All you need is time and patience (and some screwdrivers and a good 1/2" drive set with some extensions and a smaller set for diggin out some of the ineterior screws). Plus some luck and maybe a drill and/or grinder for some of the rusted away screws that hold the fender skirt on!

open up the hood and have a looksee. There are a row of (9/16"?) screws along the top of the fender, including the two that hold your hinge bracket down. You can go ahead and crack these loose, but I would leave the hinge bracket bolts alone til later since you will either have to take off the hood altogether (mark the bracket locations on the hood) and get a friend to help with the on and off or if you just remove the hinge on the side you are working you need to have the hood securely propped so it will not come crashing down on you like a rattrap when you are leaning on some bolt or another!

Remove the stuff that is going to get in your way: the battery and tray, solenoid (if passenger side fender), the overflow jug/washer reservoir (if on driver side), the headlight bezel (possible Torx alert!) and headlight, the side turn signal bulb.

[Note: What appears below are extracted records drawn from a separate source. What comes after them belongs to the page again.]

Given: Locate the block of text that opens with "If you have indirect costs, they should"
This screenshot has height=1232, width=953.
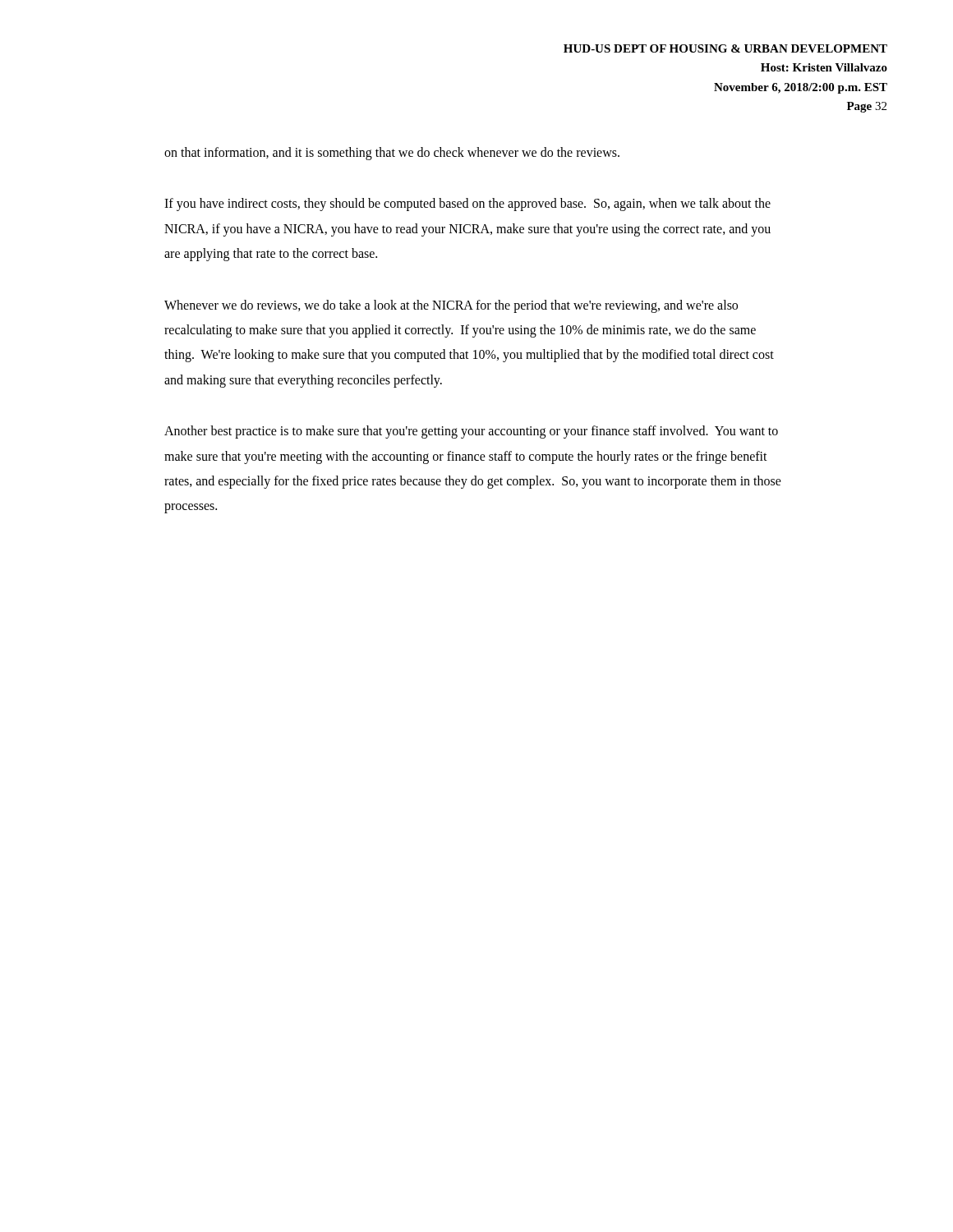Looking at the screenshot, I should pyautogui.click(x=468, y=229).
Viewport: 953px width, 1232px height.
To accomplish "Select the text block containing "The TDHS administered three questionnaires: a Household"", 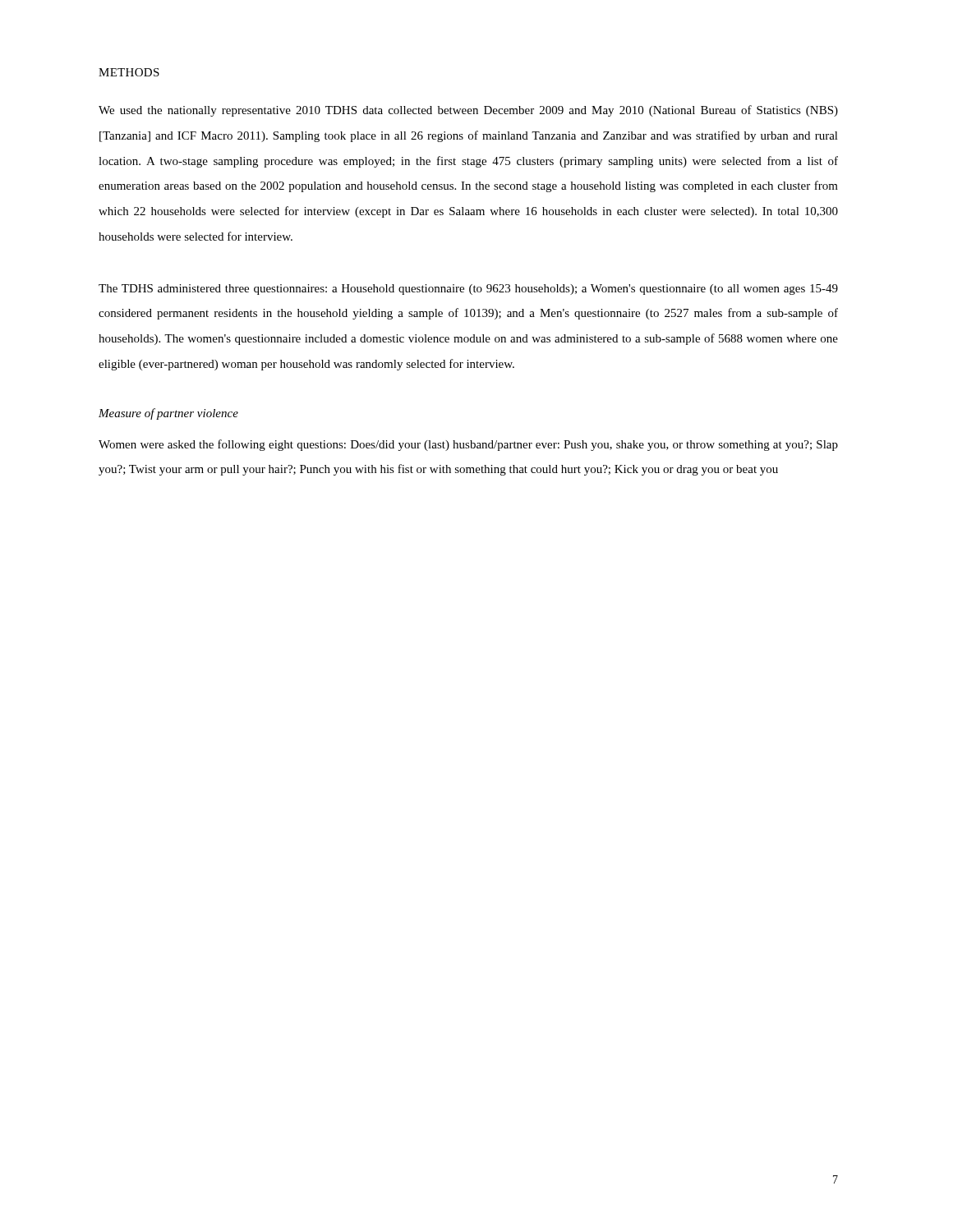I will [x=468, y=326].
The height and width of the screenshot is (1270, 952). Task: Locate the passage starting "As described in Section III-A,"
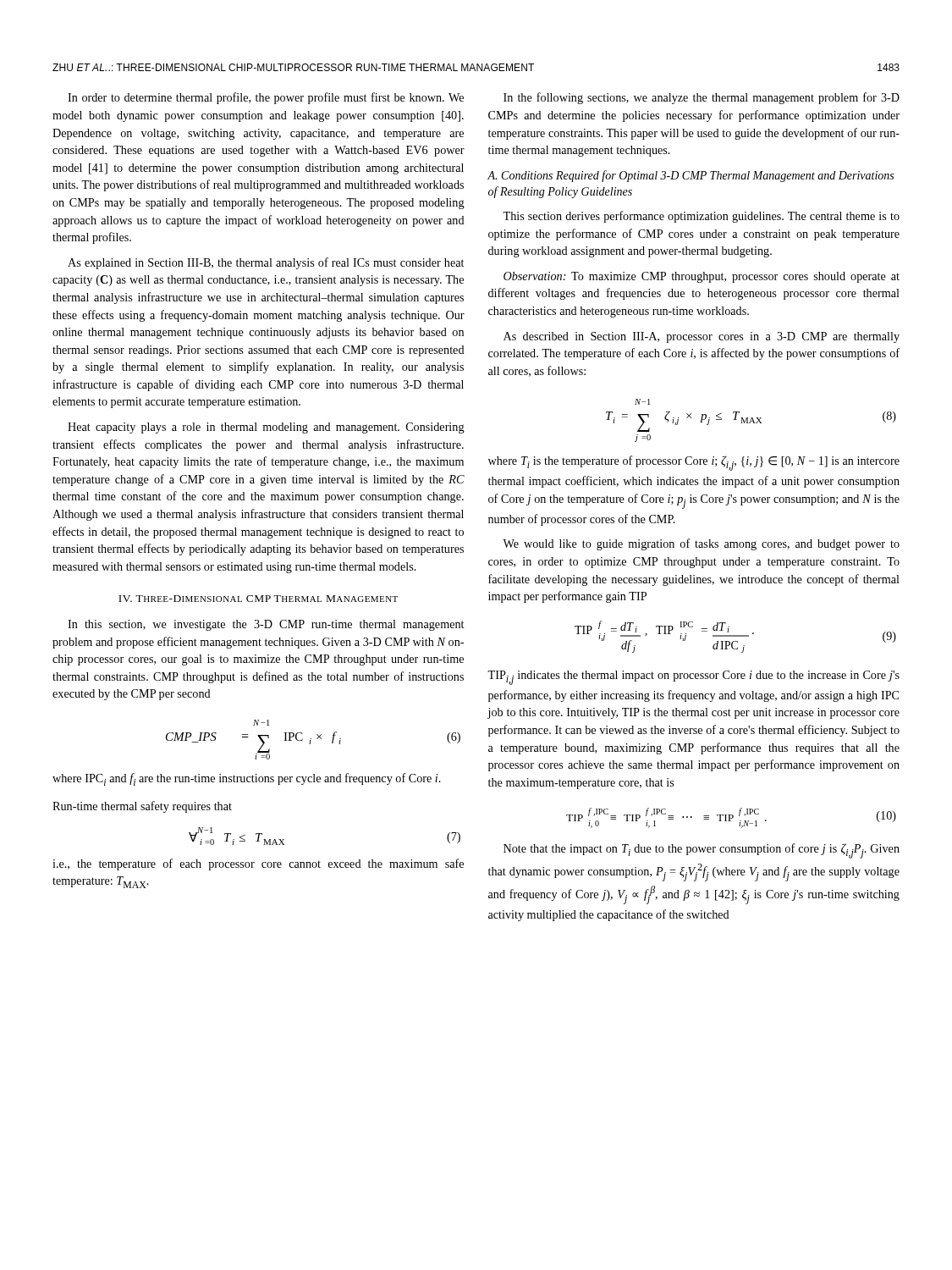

If memory serves, it is MUCH easier to remove and replace the fender if the bumper is removed, but I guess you can leave it on and see.

Now you can start attacking the bolts that hold the fender to the rad support - have a trouble light handy and clear out any debris between the rad support and front inner fender 'cause there are a couple in their righ at the bottom that can get covered up. Then crawl underneath and look for more at the front. The valance that goes across right above and behind the bumper ties the fenders together with 1 or two screws that can be ugly to get loose.

Now you can get the inner fender loose from the outer (steel) one. These are philips (X screwdriver) headed and probably rusted away and hostile. If you are DEFINITELY replacing the fender it can be therapeutic to grind these heads off and go after the sups and J-clips left in the inner fender later, once the out fender is off. Just be carefull not to gouge too deep with the grinder (ie: destroy chunks of the inner fender) Work your way back along the underside of the fender, removing screws as you go along.

To the rear of the wheelwell, underneath the truck, there is one vertical bolthead (9/16"?) sticking down which you need to remove. This will tend to have been rusted into place by GCA (gravitational crud accumulation) inside the fender. Use a good six-sided socket on your trusty 1/2" breaker bar (if you have a 3/4" set you may have recourse to it unless fortune is smiling). You don't really want to break this one off (can try opening the door and sqirting down some WD-40 if it's stubborn) but try leaning on the breaker bar and hopefully it will come.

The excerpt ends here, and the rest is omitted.